ORIGINAL SOURCE: NYTimes
Pennsylvania Station in Manhattan is such a confusing, multilevel maze of corridors lined with pizza parlors and coffee shops that even veteran commuters occasionally get lost.
Starting on Wednesday, Amtrak, the national railroad that serves as the station’s landlord, will offer a guiding light in the form of a smartphone app. The free app, FindYourWay, was designed to help travelers navigate the labyrinthine station and to avoid the crowds that form around the electronic boards that provide train information.
“The experience in Penn Station, if you’re not there every day, can be daunting,” said Bob Dorsch, an Amtrak executive who oversaw the creation of the app. “We know that a ton of our customers stand at that big board and wait for the train gate to come up and scurry off to the ramp.”
Herds of passengers forming around the boards and then stampeding toward narrow staircases to catch trains is “somewhat of a security risk,” Mr. Dorsch said. Providing gate assignments in real time through the app should reduce the size of those gatherings and lower the overall level of anxiety within the station, he said.

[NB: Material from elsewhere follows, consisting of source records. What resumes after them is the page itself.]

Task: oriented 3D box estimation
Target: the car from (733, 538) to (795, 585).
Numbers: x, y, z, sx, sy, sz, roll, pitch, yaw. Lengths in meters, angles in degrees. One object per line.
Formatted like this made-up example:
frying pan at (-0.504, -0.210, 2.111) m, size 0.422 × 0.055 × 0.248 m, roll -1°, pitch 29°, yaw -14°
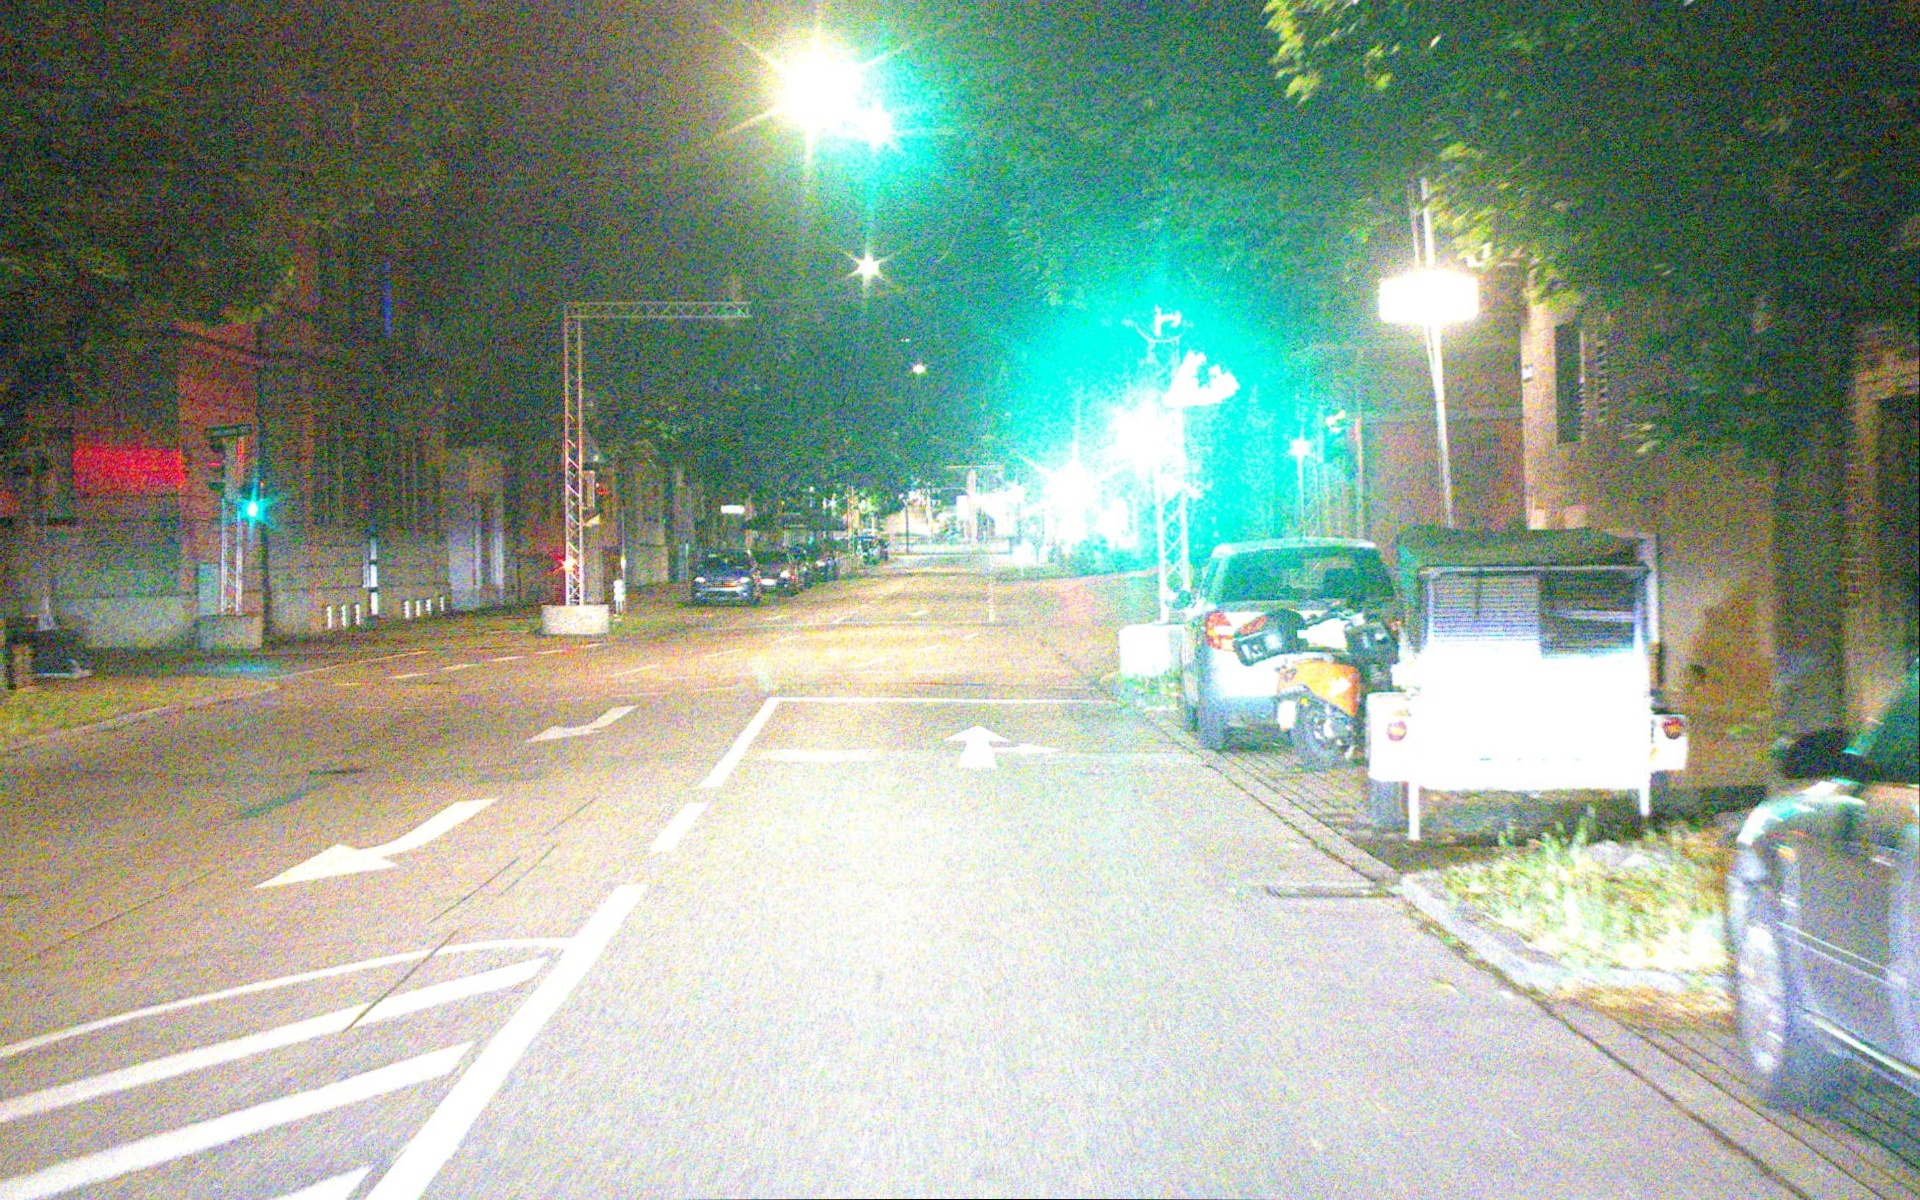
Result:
car at (-5.994, -1.189, 105.483) m, size 1.740 × 1.411 × 3.752 m, roll 0°, pitch 1°, yaw -1°

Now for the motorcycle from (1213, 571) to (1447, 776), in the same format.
motorcycle at (2.459, 0.452, 22.649) m, size 0.637 × 1.265 × 2.060 m, roll 0°, pitch 1°, yaw 34°

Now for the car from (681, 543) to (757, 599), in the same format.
car at (-6.265, -0.776, 89.679) m, size 1.740 × 1.411 × 3.752 m, roll 0°, pitch 1°, yaw -1°

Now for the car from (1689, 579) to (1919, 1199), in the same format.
car at (2.808, 0.677, 7.574) m, size 1.520 × 1.391 × 3.985 m, roll -2°, pitch 1°, yaw 0°

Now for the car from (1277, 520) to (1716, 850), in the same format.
car at (2.795, 0.366, 18.743) m, size 1.591 × 1.529 × 4.138 m, roll -3°, pitch 1°, yaw -1°

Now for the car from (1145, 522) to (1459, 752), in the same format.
car at (2.521, 0.215, 26.286) m, size 1.853 × 1.584 × 4.301 m, roll -1°, pitch 1°, yaw -1°

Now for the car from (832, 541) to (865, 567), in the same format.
car at (-6.123, -2.514, 188.734) m, size 1.740 × 1.411 × 3.752 m, roll 0°, pitch 1°, yaw -1°

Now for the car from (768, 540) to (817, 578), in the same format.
car at (-6.469, -1.604, 132.995) m, size 1.740 × 1.411 × 3.752 m, roll 0°, pitch 1°, yaw -1°

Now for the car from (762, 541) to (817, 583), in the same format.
car at (-5.905, -1.328, 119.116) m, size 1.740 × 1.411 × 3.752 m, roll 0°, pitch 1°, yaw -1°

The app could also spare the police officers in the station from having to provide directions to so many disoriented travelers, said Lenka Hennessy, marketing director for Amtrak.
“People are always asking: Where is my gate? Where is the restroom? Where is the A.T.M.?” Ms. Hennessy said, while offering a demonstration of the app’s wayfinding function on her phone.
Designed for Amtrak by Zyter, the app works much like Google Maps, inviting users to detail what they would like to find, then mapping the most direct route and guiding them along it. Once it is in wide use, it will also show where the crowds are and how to get around them, Ms. Hennessy said.
Zyter has installed more than 300 small beacons in Amtrak’s section of the station and plans to install 300 more in the areas that are managed by the Long Island Rail Road and New Jersey Transit. The beacons allow the app to recognize pinpoint a user’s location within the station, data that Ms. Hennessy said would not be stored afterward.
Initially, the app will provide real-time information about only Amtrak trains, but Mr. Dorsch said Amtrak hoped eventually to include information about the commuter trains as well. And Ms. Hennessy said Amtrak hoped to add other stations around the country to the app.
“If we’re able to implement something here, doing it in Boston, doing it in Chicago, doing it in Philadelphia is almost a piece of cake,” she said, alluding to the complexity of Penn Station and the 650,000 people who pass through it on a typical weekday.
As Hope Miller Goodell, a regular user of the station, can attest, even seasoned commuters find the partitioned building and its jumble of inconsistent signs frustrating.
“I know my way around New York,” said Ms. Goodell, who commutes daily from South Orange, N.J., to her job as a college textbook designer in Manhattan. But inside Penn Station, she said, “I have to depend solely on the landmarks of stores. There’s the Dunkin’ Donuts and then the bookstore.”
Ms. Goodell, 40, said she used her smartphone to look up train information on New Jersey Transit’s website, but usually double-checked the video screens she passed on her way to the platform. She said she probably would download the FindYourWay app and “maybe try it in those moments of desperation where I have to deviate from my already-learned paths.”
But she was wary about spending too much time staring at her phone among the shifting tides of harried commuters. “You don’t want to get stuck standing still and having to look down at your screen,” Ms. Goodell said, “because you’re going to get knocked over.”